Introduction
This is an analysis of the Kaggle 2018 survey dataset. In my analysis I am trying to understand the similarities and differences between men and women users from US and India, since these are the two biggest segments of the respondent population. The number of respondents who chose something other than Male/Female is quite low, so I excluded that subset as well.
The complete code is available as a here. If you like this post, do login and upvote!
You can also use the link to go to the dataset and perform your own explorations. Please do feel free to use my code as a starter script.
Analysis
Some questions that the analysis tries to answer are given below:
a. What is the respondent demographic profile for users from the 2 countries – men vs women, age bucket?
b. What is their educational background and major?
c. What are the job roles and coding experience?
d. What is the most popular language of use?
e. What is the programming language people recommend for an aspiring data scientist?
f. What is the CEO profile?
Calculations / Data Wrangling:
1. I’ve aggregated the age buckets into lesser number of segments, because the number of respondents tapers off in the higher age groups. [Code in the kernel]
2. Similarly, cleaned up the special characters in the educational qualifications.
3. Also added a tag to the empty values in the following variables – jobrole (Q6), exp_group (Q8), proj(Q40), years in coding (Q24), major (Q5).
Observations
Gender composition:
Men outnumber women by 4:1, which is typical of tech jobs. Among women, almost 2/3rd are from US, and only ~38% from India.

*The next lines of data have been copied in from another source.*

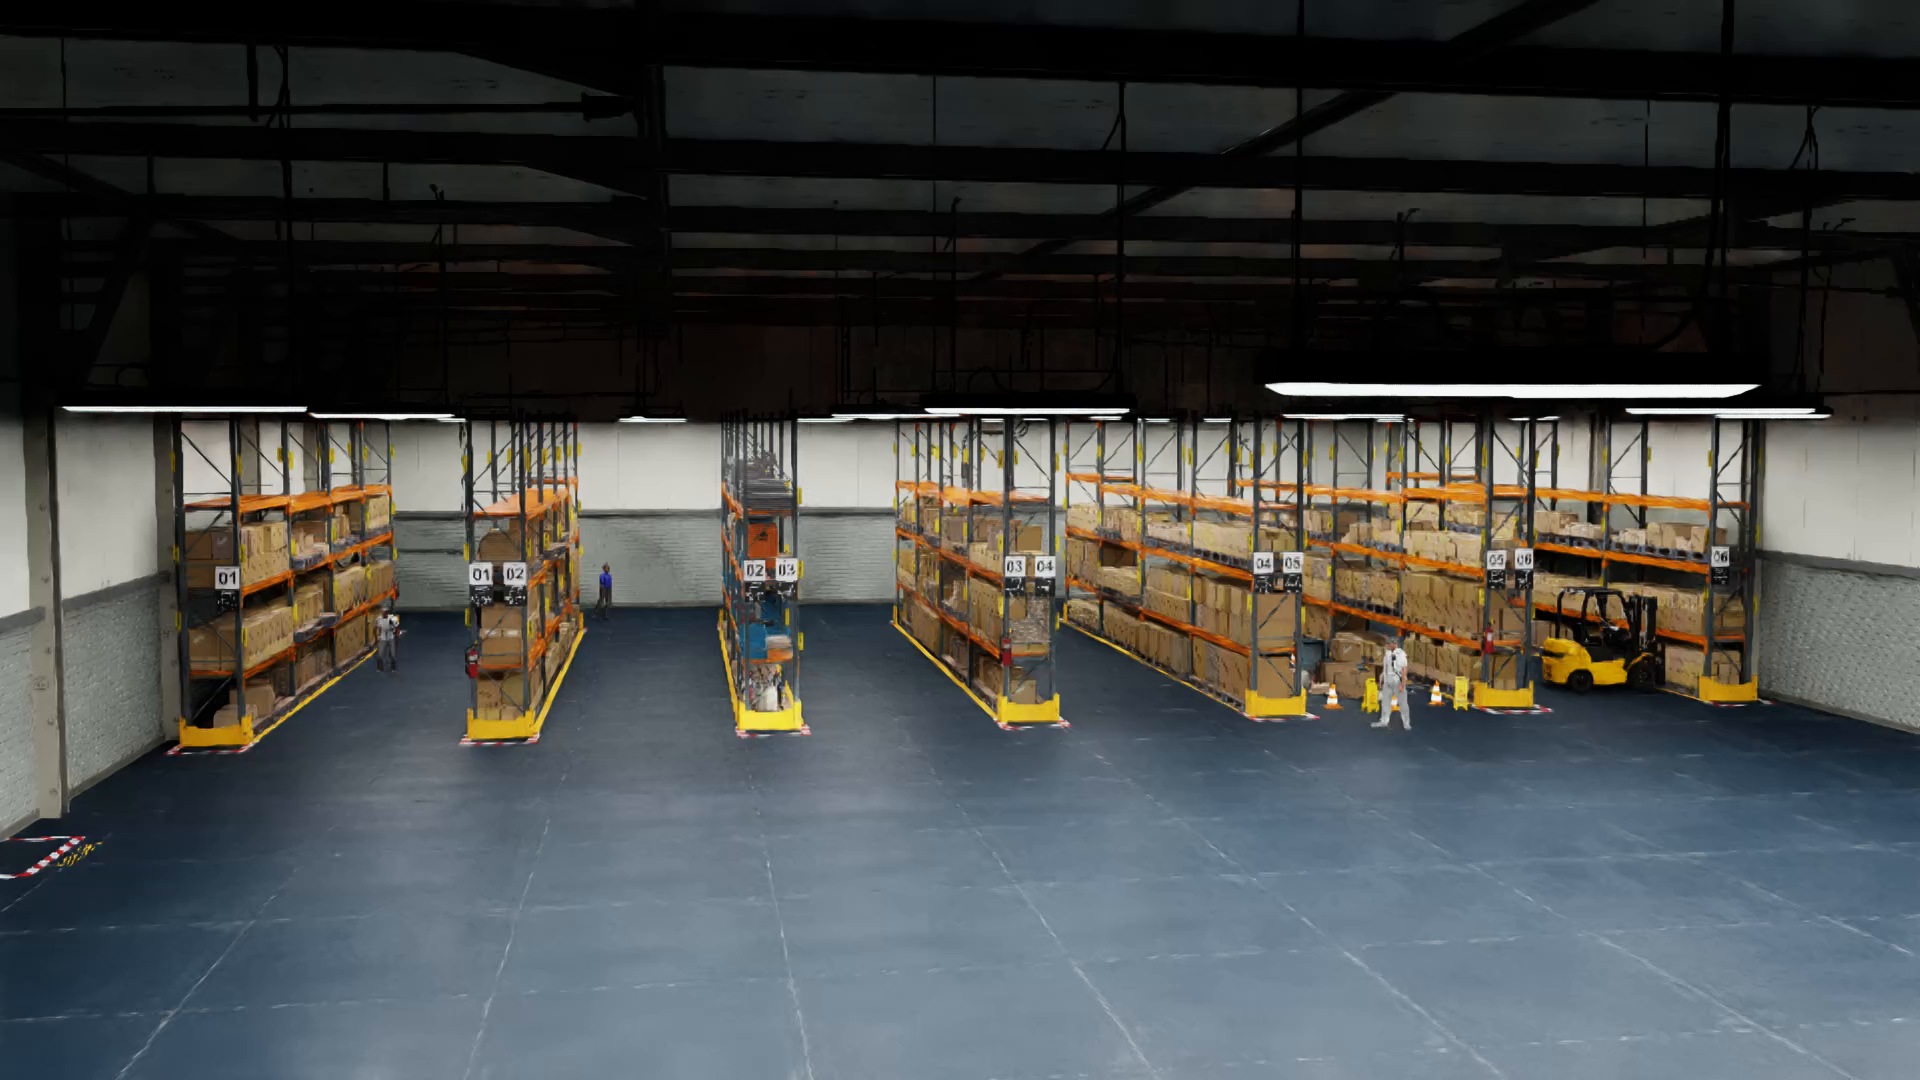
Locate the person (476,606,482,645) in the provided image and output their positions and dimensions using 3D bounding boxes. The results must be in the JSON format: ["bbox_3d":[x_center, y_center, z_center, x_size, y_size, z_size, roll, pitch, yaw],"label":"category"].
[{"bbox_3d":[-12.168,1.929,42.457,0.543,1.648,1.115,-1,4,-7],"label":"person"}]

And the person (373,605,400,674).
[{"bbox_3d":[-13.112,2.264,38.044,0.592,1.629,0.532,-1,4,-12],"label":"person"}]

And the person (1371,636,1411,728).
[{"bbox_3d":[8.137,2.665,31.289,0.635,1.742,0.675,-2,5,-30],"label":"person"}]

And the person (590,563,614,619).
[{"bbox_3d":[-10.496,1.513,48.666,0.472,1.653,0.645,3,5,34],"label":"person"}]

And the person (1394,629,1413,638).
[{"bbox_3d":[11.833,1.809,44.190,0.563,1.639,0.597,1,4,17],"label":"person"}]

The men are almost split 50/50 among US and India.
Age composition:
- Indians are much younger than Americans, with ~55% of Indian men and women falling in the youngest age bucket (18-24), and another ~28% falling in the (25-29) category. So almost 82% of the population is under 30 years of age!

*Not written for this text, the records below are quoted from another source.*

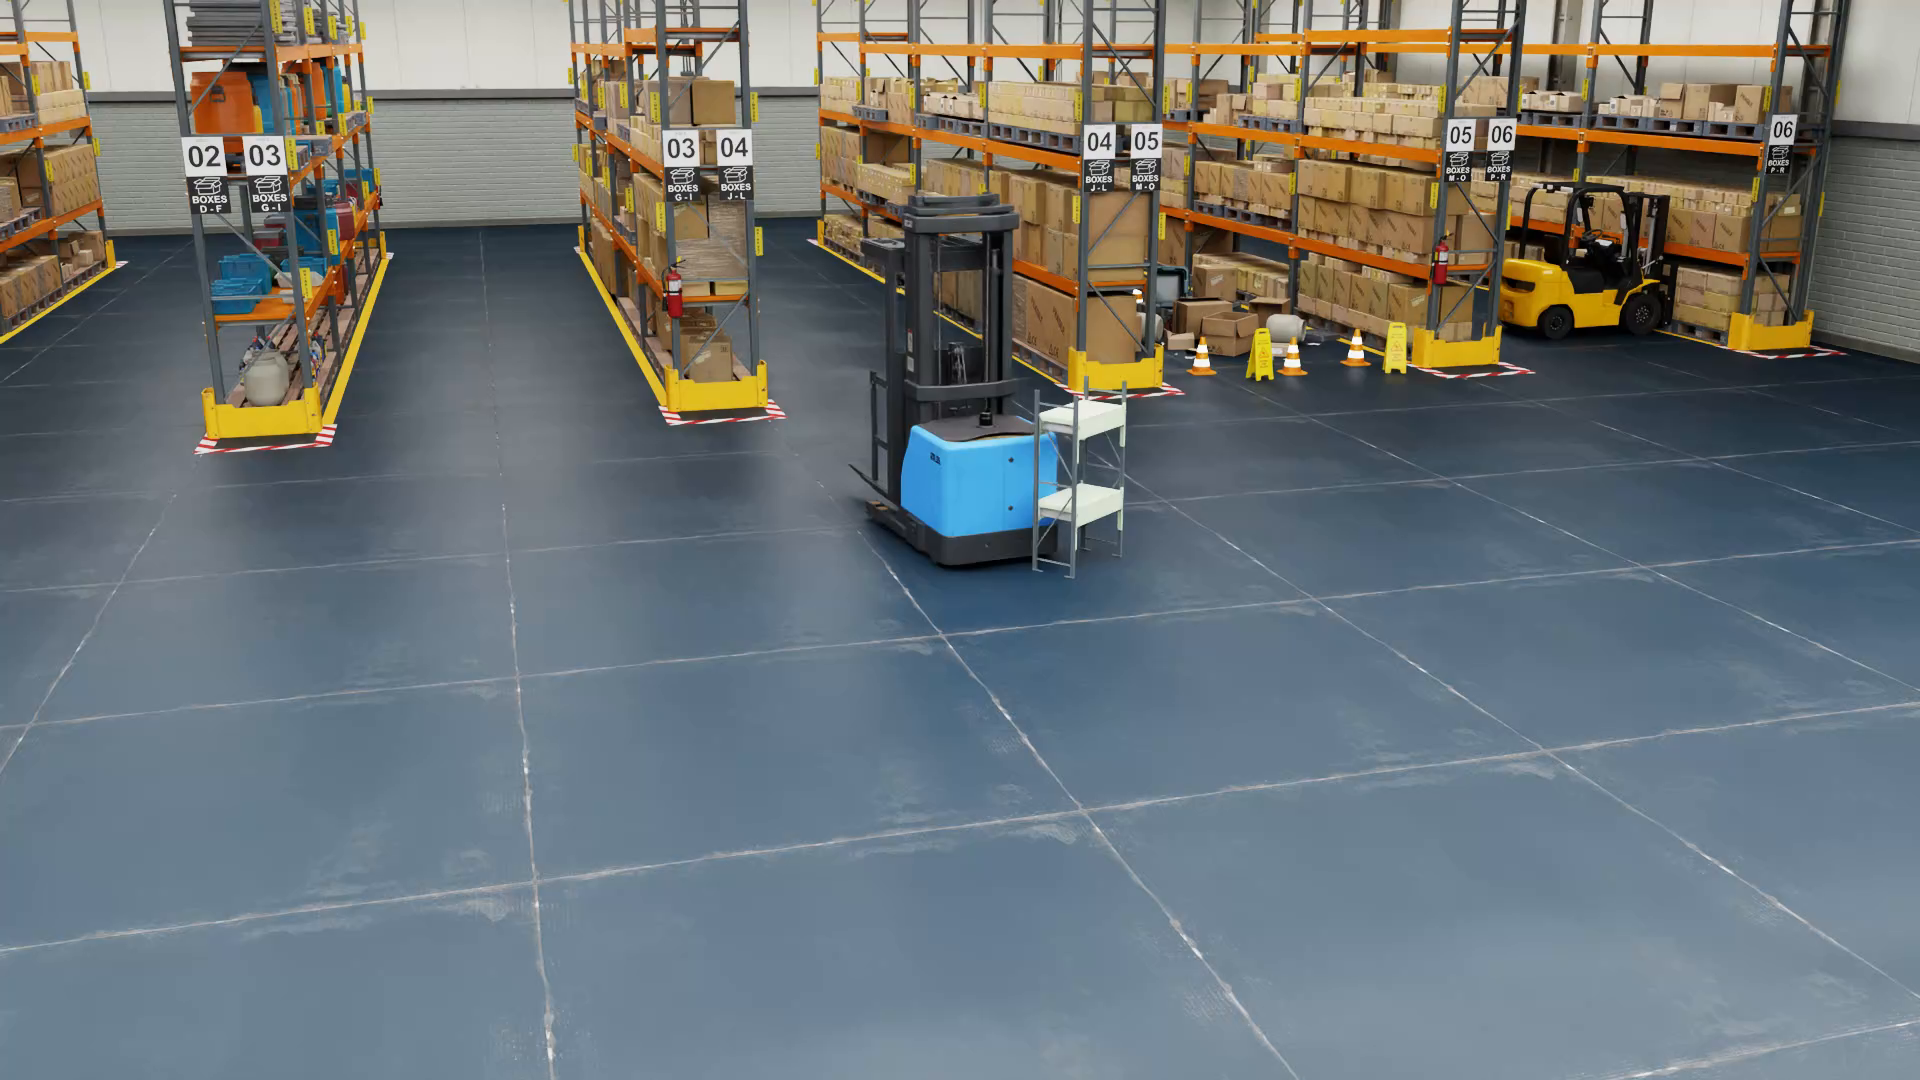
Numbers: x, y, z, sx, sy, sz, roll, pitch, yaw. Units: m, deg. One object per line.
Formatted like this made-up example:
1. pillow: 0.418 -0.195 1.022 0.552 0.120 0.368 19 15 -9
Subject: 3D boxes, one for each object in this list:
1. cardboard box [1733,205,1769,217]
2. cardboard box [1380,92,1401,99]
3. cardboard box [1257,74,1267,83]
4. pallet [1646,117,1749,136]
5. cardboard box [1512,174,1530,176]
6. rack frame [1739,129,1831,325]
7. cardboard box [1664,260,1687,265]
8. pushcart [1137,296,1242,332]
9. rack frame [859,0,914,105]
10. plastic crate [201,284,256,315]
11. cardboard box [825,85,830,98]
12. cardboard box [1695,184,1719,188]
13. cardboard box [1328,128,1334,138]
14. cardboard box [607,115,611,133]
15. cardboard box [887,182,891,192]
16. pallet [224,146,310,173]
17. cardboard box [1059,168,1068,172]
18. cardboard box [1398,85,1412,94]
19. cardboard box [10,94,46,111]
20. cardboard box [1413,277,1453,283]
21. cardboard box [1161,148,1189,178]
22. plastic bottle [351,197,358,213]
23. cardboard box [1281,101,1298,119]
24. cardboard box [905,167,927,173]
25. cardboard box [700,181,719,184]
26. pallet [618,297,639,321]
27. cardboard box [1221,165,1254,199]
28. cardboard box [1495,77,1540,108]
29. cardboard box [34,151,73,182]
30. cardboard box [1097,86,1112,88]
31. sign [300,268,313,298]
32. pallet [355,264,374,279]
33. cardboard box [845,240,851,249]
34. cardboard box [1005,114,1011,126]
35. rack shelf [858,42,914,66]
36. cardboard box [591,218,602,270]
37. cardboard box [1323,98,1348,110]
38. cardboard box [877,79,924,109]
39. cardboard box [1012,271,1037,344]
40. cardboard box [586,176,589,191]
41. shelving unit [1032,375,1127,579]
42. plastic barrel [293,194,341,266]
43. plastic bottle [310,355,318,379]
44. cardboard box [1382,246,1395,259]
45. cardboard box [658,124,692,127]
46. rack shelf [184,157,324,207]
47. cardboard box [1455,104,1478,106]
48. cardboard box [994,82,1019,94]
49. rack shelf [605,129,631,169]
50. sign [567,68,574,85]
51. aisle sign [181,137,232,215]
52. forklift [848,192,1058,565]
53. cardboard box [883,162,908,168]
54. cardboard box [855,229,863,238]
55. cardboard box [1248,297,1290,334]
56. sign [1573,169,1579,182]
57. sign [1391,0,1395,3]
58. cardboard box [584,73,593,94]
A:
1. cardboard box: 11.078 -4.611 23.286 0.380 0.149 0.250 -4 17 -14
2. cardboard box: 8.291 -8.526 31.940 0.380 0.149 0.250 -4 17 -14
3. cardboard box: 6.926 -10.208 36.883 0.500 0.250 0.500 -5 17 -16
4. pallet: 10.934 -6.108 24.513 1.003 0.211 1.213 -5 17 -15
5. cardboard box: 9.577 -6.218 28.637 0.380 0.149 0.250 -5 17 -15
6. rack frame: 11.442 -4.178 23.148 1.000 3.000 0.127 -5 17 -15
7. cardboard box: 10.590 -4.065 25.081 0.500 0.250 0.500 -5 17 -16
8. pushcart: 3.393 -3.441 25.253 1.648 0.377 0.936 -12 20 -34
9. rack frame: -1.359 -9.558 30.630 1.000 3.000 0.127 -5 17 -15
10. plastic crate: -8.045 -2.653 18.330 0.499 0.251 0.616 -5 17 -15
11. cardboard box: -2.443 -9.109 33.741 0.500 0.250 0.500 -5 17 -16
12. cardboard box: 11.158 -5.219 24.795 0.380 0.149 0.250 -5 17 -15
13. cardboard box: 5.614 -5.965 24.320 0.380 0.149 0.250 -5 17 -15
14. cardboard box: -5.172 -6.429 25.687 0.500 0.250 0.500 -4 17 -14
15. cardboard box: -1.051 -6.118 28.795 0.380 0.149 0.250 -5 17 -15
16. pallet: -7.753 -4.193 18.310 1.003 0.211 1.213 -5 17 -15
17. cardboard box: 2.418 -7.823 35.108 0.500 0.500 0.500 -5 17 -16
18. cardboard box: 8.508 -8.520 31.438 0.380 0.149 0.250 -5 17 -15
19. cardboard box: -15.576 -7.297 27.708 0.500 0.250 0.500 -5 17 -15
20. cardboard box: 6.560 -3.424 23.383 0.500 0.500 0.500 -5 18 -17
21. cardboard box: 3.930 -6.788 29.925 0.500 0.500 0.500 -4 17 -14
22. plastic bottle: -10.499 -5.786 28.717 0.152 0.276 0.135 -5 17 -15
23. cardboard box: 5.272 -6.607 25.551 0.500 0.250 0.500 -5 17 -16
24. cardboard box: -0.780 -6.668 30.110 0.380 0.149 0.250 -5 18 -17
25. cardboard box: -3.160 -4.259 20.988 0.500 0.500 0.500 -5 17 -15
26. pallet: -4.843 -3.663 26.278 1.003 0.211 1.213 -5 17 -15
27. cardboard box: 4.676 -5.957 27.647 0.500 0.500 0.500 -4 17 -14
28. cardboard box: 9.488 -7.624 28.326 0.500 0.500 0.500 -4 17 -14
29. cardboard box: -15.823 -6.503 28.975 0.500 0.500 0.500 -5 17 -17
30. cardboard box: 1.946 -5.640 20.948 0.380 0.149 0.250 -5 17 -15
31. sign: -7.090 -2.785 18.027 0.100 0.325 0.005 -5 17 -15
32. pallet: -11.157 -4.794 30.045 1.003 0.211 1.213 -5 17 -15
33. cardboard box: -2.079 -5.889 33.067 0.380 0.149 0.250 -5 17 -15
34. cardboard box: 0.822 -5.700 22.532 0.380 0.149 0.250 -5 17 -16
35. rack shelf: -0.809 -8.469 28.949 1.077 0.370 4.000 -5 17 -15
36. cardboard box: -5.960 -5.329 29.941 1.225 0.875 0.875 -5 17 -15
37. cardboard box: 5.508 -6.333 24.158 0.380 0.149 0.250 -5 18 -17
38. cardboard box: -1.061 -7.934 29.529 0.797 0.503 0.637 -5 17 -16
39. cardboard box: 1.197 -3.227 22.945 0.875 0.875 0.875 -5 17 -15
40. cardboard box: -6.814 -6.777 31.542 0.500 0.250 0.500 -4 17 -14
41. shelving unit: 0.977 -0.525 13.591 0.431 1.500 0.755 12 20 35
42. plastic barrel: -8.534 -4.087 21.973 0.600 0.901 0.708 -5 17 -15
43. plastic bottle: -7.863 -2.110 20.219 0.061 0.283 0.133 -4 17 -14
44. cardboard box: 6.036 -3.954 22.838 0.380 0.149 0.250 -4 17 -14
45. cardboard box: -3.414 -4.903 19.916 0.380 0.149 0.250 -4 17 -15
46. rack shelf: -8.170 -4.255 19.440 1.077 0.370 4.000 -5 17 -15
47. cardboard box: 6.685 -5.666 21.937 0.380 0.149 0.250 -5 17 -15
48. cardboard box: 0.684 -6.221 22.881 0.380 0.149 0.250 -5 17 -16
49. rack shelf: -4.507 -5.753 24.427 1.077 0.370 4.000 -5 17 -15
50. sign: -7.790 -9.278 33.255 0.100 0.325 0.005 -5 17 -15
51. aisle sign: -7.886 -3.812 17.408 0.394 0.787 0.004 -5 17 -15
52. forklift: -0.207 -1.581 14.619 1.130 2.935 3.031 -7 18 -21
53. cardboard box: -1.253 -7.032 31.958 0.500 0.500 0.500 -5 17 -16
54. cardboard box: -1.815 -5.951 32.241 0.380 0.149 0.250 -4 17 -15
55. cardboard box: 4.558 -3.291 24.536 0.500 0.500 0.500 7 18 23
56. sign: 9.824 -5.756 26.525 0.100 0.325 0.005 -5 17 -15
57. sign: 8.676 -10.940 33.330 0.100 0.325 0.005 -5 17 -15
58. cardboard box: -6.833 -8.717 31.965 0.700 0.500 0.500 -6 18 -19

- Among US respondents, the women seem a bit more younger, with 68% under 30 years, compared to ~57% men of women.
- However, in US there were a decent amount of folks in the 55+ category (~20% for women, and 25% for men. Compare it with Indians, where the 55+ group is barely 12%.
Education:
- Being coders, all segments had a large population of bachelors degree.
- US women were the most educated of the lot, with a whopping 55% with masters degrees and 16% with doctorates!
- Among Indians, women had higher levels of education – 10% with Ph.D, 43% masters degree, compared with men where ~34% had a masters degree and only 4% had a doctorate.
- The stat on Indians is interesting because Indians are younger compared to US respondents, so many more Indians seem to be pursuing advanced degrees.
Undergrad major:
Among Indians, the majority of respondents added Computer Science as their major. From personal experience, this is probably due a combination of the reasons below:
- Indians have to declare a major when they join a degree program, and are rarely allowed to change,
- Choice of majors is not as wide as in the US.
- Parents tend to force kids towards majors which are known to translate into a decent paying job, which is engineering or medicine.
- A case of response bias? The survey came from Kaggle, so not sure if non-coding majors would have even bothered to respond.Among US respondents, the major is also computer science, but followed by maths & stats for women.
- For men, the second category was a tie between non-compsci Engg , followed by maths&stats.
Job Roles:
- Among Indians, the biggest segment are predominantly students (30%). Among Indian men, the second category is software engineer.
- Among US women, the biggest category was also “student” but followed quite closely by “data scientist”. Among US men , the biggest category was “data scientist” followed by “student”.
- CEOs, not surprisingly are male, 45+ years from the US, with a masters degree.
Coding Experience:
- Among Indians, most answered <1 year of coding experience , which correlates well with the fact that most of them are under 30, with a huge population of students.
- Among US respondents, the split is even between 1-2 years of coding and 3-5 years of coding.
- US Men seem to have a bit more coding experience than women, again explained by the fact that women were slightly younger overall, compared to US men.
Most popular programming language:
- Python is unanimously most popular language, discounting the number of people who did not answer.
- However, among US women, R is slightly popular too (16% favoring it).
- Among languages recommended for machine learning, again Python came first by a wide margin. These statistics also match this interesting article here on DSCC which also stated that Python is the best .
Conclusions:
- Overall, Indians tended to be younger with more people pursuing masters degrees.
- US respondents tended to older with stronger coding experience, and many more are practicing data scientists.
This seems like a great opportunity for Kaggle, if they could match the Indian students with the US data scientists, in a sort of mentor-matching service. - CEOs, not surprisingly are male, 45+ years from the US, with a masters degree.